| Data records |

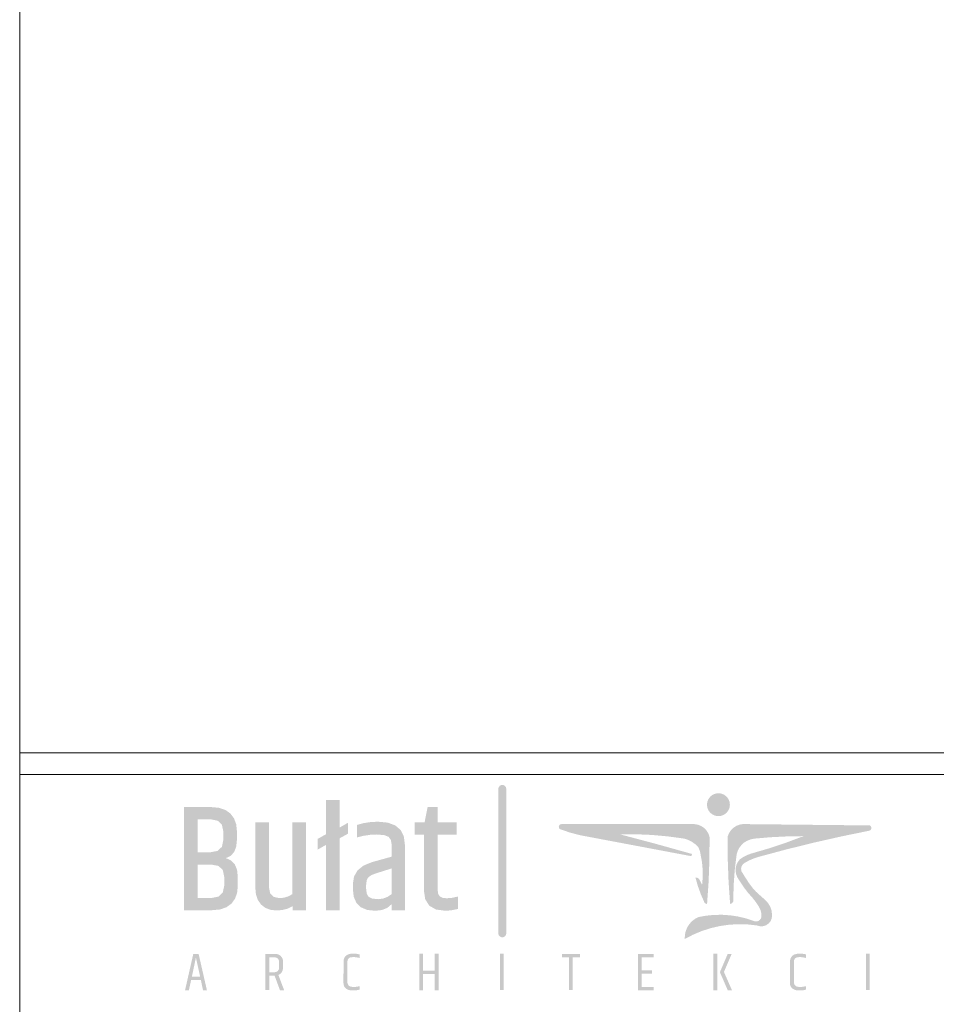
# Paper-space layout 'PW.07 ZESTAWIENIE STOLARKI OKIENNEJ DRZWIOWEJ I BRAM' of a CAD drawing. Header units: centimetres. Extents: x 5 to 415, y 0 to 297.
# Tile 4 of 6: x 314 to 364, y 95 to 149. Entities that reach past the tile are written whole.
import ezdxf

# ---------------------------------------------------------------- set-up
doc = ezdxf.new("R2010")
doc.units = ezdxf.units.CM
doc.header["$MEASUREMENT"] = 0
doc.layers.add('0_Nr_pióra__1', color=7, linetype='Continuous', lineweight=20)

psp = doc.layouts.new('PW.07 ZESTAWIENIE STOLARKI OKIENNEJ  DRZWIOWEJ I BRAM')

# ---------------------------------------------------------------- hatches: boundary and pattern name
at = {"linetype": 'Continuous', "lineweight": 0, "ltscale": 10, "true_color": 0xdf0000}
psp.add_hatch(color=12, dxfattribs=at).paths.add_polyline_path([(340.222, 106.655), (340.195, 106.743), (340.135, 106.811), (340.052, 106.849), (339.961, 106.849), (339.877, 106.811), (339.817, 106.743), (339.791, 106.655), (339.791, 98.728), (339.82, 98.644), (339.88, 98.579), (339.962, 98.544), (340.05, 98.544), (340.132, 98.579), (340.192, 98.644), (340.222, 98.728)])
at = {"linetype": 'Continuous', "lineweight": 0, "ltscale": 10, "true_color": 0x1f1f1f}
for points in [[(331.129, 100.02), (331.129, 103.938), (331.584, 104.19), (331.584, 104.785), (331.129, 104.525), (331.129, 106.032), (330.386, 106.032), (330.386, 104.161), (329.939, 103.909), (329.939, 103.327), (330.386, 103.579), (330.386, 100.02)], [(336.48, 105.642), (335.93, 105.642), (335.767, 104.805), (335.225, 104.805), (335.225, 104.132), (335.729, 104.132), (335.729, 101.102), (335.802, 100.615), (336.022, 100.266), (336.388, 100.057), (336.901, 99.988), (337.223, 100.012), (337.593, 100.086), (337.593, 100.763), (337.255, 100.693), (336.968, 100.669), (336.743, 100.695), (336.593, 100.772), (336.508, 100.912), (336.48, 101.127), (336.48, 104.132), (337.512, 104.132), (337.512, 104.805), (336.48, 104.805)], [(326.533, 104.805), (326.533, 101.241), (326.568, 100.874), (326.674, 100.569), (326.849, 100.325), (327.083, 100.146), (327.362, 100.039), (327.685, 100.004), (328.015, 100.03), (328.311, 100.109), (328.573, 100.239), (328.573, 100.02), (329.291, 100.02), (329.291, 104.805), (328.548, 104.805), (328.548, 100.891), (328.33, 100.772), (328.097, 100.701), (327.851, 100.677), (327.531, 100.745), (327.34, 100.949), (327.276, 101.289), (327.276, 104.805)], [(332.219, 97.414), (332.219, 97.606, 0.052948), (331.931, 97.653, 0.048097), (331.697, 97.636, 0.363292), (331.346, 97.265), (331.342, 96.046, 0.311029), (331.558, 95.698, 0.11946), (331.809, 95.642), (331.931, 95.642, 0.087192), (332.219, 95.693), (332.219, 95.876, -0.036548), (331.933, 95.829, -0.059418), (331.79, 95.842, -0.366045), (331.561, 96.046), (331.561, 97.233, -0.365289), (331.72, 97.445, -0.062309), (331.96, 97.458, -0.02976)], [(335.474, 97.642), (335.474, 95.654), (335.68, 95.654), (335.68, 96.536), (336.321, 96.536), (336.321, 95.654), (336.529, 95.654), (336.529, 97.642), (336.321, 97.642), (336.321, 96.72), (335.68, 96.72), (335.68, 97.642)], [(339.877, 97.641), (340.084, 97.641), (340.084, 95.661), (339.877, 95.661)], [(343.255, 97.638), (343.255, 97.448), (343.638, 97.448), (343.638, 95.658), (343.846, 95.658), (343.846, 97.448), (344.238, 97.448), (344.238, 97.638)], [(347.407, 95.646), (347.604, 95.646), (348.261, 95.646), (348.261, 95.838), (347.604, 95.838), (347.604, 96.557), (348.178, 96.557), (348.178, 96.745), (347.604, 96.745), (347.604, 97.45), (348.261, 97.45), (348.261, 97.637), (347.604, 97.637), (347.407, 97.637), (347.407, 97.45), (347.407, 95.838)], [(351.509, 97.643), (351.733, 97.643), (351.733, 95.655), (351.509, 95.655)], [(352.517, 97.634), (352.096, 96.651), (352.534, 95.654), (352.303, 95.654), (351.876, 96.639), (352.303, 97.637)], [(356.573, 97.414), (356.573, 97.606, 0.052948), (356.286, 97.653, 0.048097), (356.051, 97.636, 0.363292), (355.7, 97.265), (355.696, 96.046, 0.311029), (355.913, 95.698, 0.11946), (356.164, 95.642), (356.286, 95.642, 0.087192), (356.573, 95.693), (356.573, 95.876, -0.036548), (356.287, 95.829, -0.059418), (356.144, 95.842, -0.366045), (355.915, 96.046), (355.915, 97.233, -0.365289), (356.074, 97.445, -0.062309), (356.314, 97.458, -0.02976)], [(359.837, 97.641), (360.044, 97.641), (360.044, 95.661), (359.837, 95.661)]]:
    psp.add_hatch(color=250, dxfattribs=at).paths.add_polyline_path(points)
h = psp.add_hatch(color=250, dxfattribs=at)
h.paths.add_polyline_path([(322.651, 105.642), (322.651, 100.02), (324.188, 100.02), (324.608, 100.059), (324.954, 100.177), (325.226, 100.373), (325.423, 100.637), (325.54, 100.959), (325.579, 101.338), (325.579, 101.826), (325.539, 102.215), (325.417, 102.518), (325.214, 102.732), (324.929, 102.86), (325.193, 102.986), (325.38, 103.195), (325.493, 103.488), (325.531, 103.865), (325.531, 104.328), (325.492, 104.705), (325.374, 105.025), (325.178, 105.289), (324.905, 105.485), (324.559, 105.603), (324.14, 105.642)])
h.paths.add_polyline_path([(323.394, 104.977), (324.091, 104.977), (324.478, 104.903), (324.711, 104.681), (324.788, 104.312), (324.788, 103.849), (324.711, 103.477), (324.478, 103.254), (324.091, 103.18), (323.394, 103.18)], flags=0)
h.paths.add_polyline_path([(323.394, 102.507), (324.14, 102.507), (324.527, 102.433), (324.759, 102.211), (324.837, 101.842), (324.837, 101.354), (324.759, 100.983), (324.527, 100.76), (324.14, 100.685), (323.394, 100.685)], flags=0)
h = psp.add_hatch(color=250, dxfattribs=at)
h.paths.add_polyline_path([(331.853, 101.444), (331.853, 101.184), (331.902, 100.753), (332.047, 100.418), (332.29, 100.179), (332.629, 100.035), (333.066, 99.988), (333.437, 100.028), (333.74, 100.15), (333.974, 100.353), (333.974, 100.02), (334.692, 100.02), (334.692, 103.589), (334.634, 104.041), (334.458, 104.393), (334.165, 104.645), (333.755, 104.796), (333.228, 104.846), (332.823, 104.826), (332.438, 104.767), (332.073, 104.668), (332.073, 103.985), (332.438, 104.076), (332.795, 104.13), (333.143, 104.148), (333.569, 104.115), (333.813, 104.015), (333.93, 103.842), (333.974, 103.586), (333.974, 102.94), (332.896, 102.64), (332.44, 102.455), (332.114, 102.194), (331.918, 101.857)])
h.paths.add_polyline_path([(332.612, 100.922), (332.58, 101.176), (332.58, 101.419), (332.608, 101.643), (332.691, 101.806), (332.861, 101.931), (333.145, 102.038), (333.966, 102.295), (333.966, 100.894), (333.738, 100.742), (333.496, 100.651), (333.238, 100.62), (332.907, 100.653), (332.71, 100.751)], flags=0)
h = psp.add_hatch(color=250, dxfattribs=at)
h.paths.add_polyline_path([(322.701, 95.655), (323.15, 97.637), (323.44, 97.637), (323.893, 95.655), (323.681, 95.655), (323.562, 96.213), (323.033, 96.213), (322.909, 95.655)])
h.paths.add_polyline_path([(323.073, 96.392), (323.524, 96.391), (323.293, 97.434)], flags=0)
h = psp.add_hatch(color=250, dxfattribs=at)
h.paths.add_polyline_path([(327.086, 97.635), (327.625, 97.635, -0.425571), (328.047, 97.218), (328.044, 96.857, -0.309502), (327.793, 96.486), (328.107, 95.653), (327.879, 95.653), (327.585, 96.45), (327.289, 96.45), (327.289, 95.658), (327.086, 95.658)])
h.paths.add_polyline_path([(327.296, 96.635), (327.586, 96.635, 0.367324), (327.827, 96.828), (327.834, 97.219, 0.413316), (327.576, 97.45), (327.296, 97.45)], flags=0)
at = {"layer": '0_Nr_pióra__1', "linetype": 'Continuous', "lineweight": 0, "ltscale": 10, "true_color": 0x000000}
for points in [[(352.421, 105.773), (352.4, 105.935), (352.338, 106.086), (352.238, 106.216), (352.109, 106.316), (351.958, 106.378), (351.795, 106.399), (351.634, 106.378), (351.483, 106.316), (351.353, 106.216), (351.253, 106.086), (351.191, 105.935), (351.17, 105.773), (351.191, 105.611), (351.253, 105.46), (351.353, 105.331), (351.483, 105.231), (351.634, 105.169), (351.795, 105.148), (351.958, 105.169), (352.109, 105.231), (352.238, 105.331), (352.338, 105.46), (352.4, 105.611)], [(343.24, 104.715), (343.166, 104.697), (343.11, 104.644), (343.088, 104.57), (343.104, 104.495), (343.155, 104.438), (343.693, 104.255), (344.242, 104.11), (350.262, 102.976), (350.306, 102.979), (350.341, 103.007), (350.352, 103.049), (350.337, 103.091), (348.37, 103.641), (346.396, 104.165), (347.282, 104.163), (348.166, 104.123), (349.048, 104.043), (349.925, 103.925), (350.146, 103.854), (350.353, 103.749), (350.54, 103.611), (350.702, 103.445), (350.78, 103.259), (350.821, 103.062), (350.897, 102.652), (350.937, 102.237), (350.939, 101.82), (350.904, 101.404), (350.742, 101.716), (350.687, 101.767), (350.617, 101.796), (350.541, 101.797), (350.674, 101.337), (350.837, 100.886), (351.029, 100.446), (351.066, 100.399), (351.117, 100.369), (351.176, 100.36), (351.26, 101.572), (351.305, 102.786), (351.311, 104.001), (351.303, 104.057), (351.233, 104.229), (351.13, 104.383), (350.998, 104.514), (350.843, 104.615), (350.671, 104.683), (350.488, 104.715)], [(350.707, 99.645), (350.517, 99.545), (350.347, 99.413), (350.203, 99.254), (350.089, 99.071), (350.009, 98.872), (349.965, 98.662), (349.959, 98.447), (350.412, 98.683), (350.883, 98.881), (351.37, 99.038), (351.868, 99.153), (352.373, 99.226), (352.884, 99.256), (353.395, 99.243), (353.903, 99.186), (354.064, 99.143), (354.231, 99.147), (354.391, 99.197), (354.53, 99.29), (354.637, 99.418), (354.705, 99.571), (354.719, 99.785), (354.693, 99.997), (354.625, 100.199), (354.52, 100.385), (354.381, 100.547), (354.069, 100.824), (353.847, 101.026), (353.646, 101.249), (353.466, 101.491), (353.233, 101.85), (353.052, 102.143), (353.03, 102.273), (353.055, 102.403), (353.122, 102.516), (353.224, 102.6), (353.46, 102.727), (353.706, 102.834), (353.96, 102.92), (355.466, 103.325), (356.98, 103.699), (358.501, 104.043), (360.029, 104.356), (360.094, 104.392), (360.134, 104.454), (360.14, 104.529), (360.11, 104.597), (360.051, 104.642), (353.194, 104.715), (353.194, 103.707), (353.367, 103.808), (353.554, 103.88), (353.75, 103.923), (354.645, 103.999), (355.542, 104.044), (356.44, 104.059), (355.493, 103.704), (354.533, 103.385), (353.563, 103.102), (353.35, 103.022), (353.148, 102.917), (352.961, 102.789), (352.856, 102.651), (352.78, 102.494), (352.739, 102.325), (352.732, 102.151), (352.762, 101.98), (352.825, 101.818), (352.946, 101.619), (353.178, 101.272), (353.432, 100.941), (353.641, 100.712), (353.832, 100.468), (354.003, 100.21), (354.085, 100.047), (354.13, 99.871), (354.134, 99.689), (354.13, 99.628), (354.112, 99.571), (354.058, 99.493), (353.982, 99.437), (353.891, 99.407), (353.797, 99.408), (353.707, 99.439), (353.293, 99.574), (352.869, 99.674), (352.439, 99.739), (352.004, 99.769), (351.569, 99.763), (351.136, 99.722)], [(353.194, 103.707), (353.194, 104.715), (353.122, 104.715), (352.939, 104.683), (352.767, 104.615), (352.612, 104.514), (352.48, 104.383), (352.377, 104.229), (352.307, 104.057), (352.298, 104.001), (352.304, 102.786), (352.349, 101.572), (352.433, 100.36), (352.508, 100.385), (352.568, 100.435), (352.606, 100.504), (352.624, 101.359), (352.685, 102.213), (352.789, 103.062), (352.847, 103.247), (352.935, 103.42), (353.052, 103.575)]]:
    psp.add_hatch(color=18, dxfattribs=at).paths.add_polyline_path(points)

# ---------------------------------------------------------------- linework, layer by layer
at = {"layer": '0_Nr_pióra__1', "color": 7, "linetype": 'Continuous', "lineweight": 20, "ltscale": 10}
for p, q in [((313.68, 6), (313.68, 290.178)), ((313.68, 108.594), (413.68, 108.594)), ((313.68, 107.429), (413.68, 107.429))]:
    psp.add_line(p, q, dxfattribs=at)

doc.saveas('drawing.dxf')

| Task item |
All lines in the entries above that include "STOLARKI" should be found and copied.

| Output for this task |
# Paper-space layout 'PW.07 ZESTAWIENIE STOLARKI OKIENNEJ DRZWIOWEJ I BRAM' of a CAD drawing. Header units: centimetres. Extents: x 5 to 415, y 0 to 297.
psp = doc.layouts.new('PW.07 ZESTAWIENIE STOLARKI OKIENNEJ  DRZWIOWEJ I BRAM')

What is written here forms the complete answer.